The study of the UN Advisory Committee of the UN HRC stated that there are five root causes of discrimination against peasants and other people working in rural areas:

  1. Expropriation of land, forced evictions and displacement
  2. Gender discrimination
  3. Absence of agrarian reform and rural development policies, including irrigation and seeds
  4. Lack of a minimum wage and social protection
  5. Repression and criminalization of movements protecting the rights of people working in rural areas”

The study further identified key patterns of the discrimination against peasants and other people working in rural areas and of their systematic discrimination, as:

  • Unequal access and control over land, genetic resources and other natural resources.

  • Restricted access to markets and means of production to ensure a decent livelihood.

  • Agricultural policies skewed in favour of a tiny elite of farmers and of industrial agriculture.

The study of the Advisory Committee also took the key findings of treaty bodies on the monitoring towards implementation of the main human rights treaties, namely The Committee on Economic, Social and Cultural Rights (CESCR), The United Nations Human Rights Committee (CCPR), The Committee on the Elimination of – Discrimination Against Women (CEDAW) and The Committee on the Elimination of Racial Discrimination (CERD).

The monitoring, together with the Special Procedures of the Human Rights Council, had been collecting abundant evidence about the widespread and systematic discrimination against peasants and other people working in rural areas. This study of the Advisory Committee then was adopted by the UN Human Rights Council in its 21st session (2012) and paved the way for the process of readings on the draft text.

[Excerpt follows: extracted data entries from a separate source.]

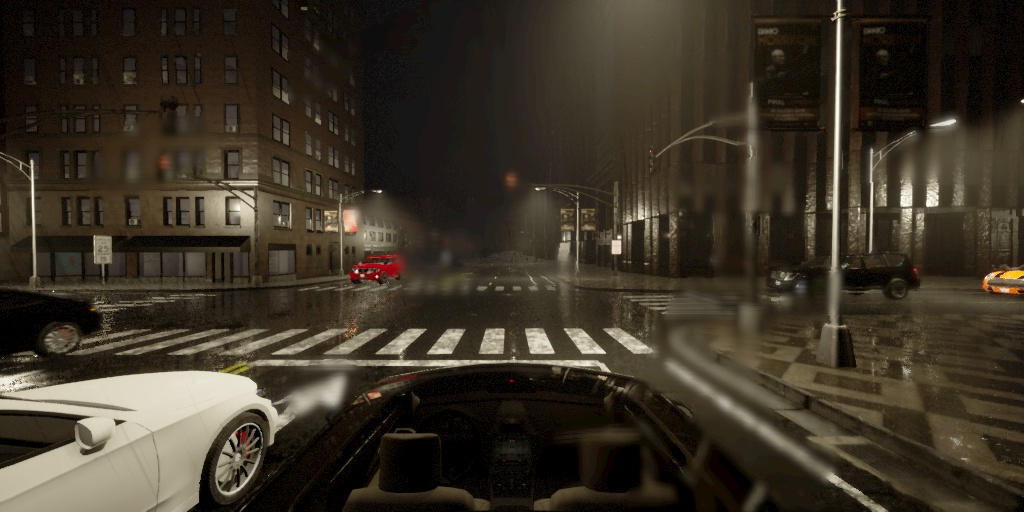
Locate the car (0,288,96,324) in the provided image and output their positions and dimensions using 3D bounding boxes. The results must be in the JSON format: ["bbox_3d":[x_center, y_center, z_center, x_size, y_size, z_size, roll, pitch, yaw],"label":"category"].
[{"bbox_3d":[-9.837,1.274,5.833,1.812,1.442,4.674,0,0,0],"label":"car"}]

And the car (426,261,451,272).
[{"bbox_3d":[-9.689,1.302,46.424,2.033,1.411,5.357,0,0,0],"label":"car"}]

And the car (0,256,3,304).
[{"bbox_3d":[-24.699,1.068,14.370,5.566,2.045,2.150,0,1,1],"label":"car"}]

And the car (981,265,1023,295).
[{"bbox_3d":[24.542,0.960,16.241,4.553,1.767,2.097,0,1,0],"label":"car"}]

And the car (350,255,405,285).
[{"bbox_3d":[-9.887,0.974,26.857,2.150,2.045,5.566,0,0,4],"label":"car"}]

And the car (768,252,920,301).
[{"bbox_3d":[14.873,0.868,16.234,5.566,2.045,2.150,0,1,1],"label":"car"}]

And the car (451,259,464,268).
[{"bbox_3d":[-9.547,1.298,62.778,2.033,1.411,5.357,0,0,1],"label":"car"}]

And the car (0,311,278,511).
[{"bbox_3d":[-3.159,1.276,1.416,1.812,1.442,4.674,0,0,2],"label":"car"}]

The session tasked the council with the “mandate of negotiating, finalizing and submitting to the Human Rights Council a draft United Nations declaration on the rights of peasants and other people working in rural areas”.  Thereafter, five sessions of negotiations were held: 2013 (first session), 2015 (second session), 2016 (third session), 2017 (fourth session) and 2018 (fifth session).

Way forward

The potential catastrophic impact of climate change, the UN Sustainable Development Goals (SDGs), the multilateral system and the “migration crisis” were all recurrent issues throughout the annual general debate on the opening week of the 73rd session (September 2018) of the United Nations General Assembly. It is also within this context, that a UN Declaration recognising the human rights of the rural people becomes more relevant than ever. The rights enshrined in the Declaration are fundamental for the protection of a sustainable food production model that contributes to a healthy environment.

In this sense, The UN Declaration on Rights of Peasants and Other People Working in Rural Areas further confirms the effort by UN Member States -which pursue the implementation of the Paris climate agreements and addressing the impact of climate change and the loss of biodiversity. The -Third Committee of the UNGA has the mandate to work on matters that relate to social, humanitarian affairs and human rights issues affecting people worldwide.

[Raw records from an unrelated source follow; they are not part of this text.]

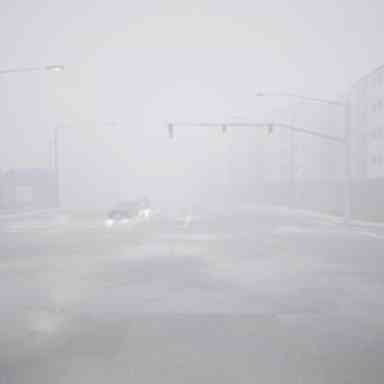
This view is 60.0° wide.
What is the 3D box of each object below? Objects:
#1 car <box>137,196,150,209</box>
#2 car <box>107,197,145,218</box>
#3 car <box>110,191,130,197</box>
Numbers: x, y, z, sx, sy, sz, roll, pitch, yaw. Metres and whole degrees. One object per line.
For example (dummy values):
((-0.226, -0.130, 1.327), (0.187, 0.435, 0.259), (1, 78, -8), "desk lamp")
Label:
((-6.322, 1.259, 41.847), (2.128, 1.511, 4.902), (0, 0, -10), "car")
((-5.698, 1.408, 28.367), (2.033, 1.411, 5.357), (0, 0, 1), "car")
((-12.667, 0.862, 58.501), (2.150, 2.045, 5.566), (0, 0, -34), "car")
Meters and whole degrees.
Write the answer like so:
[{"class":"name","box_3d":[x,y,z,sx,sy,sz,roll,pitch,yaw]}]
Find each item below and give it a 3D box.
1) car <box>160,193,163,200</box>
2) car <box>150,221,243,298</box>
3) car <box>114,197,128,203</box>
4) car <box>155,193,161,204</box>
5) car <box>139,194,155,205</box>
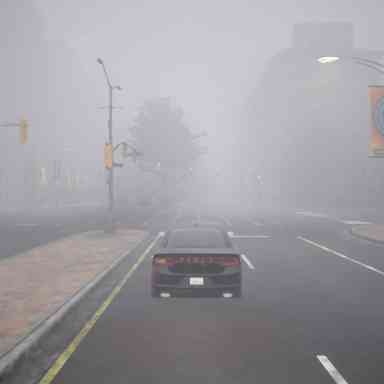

On October 25th the Bolivian delegation presented to the Third Committee, the report of the inter-governmental working group of the Human Rights Council including adoption of the UN Declaration of this year’s UN HRC resolution on September 28th. On early November 2018, the Third Committee is expected to decide on deliberation towards formalising the UN Declaration. Therefore, the General Assembly carries the mandate of the United Nations where the states take their obligation to develop international norms on human rights. The resolution to formalise the UN Declaration is to just do that.

Peasants and other people working in rural areas of the world are claiming their rights to feed their families, their communities, and the world. The Declaration is the fundamental recognition of their rights in fostering sustainable food systems and to make the world safer.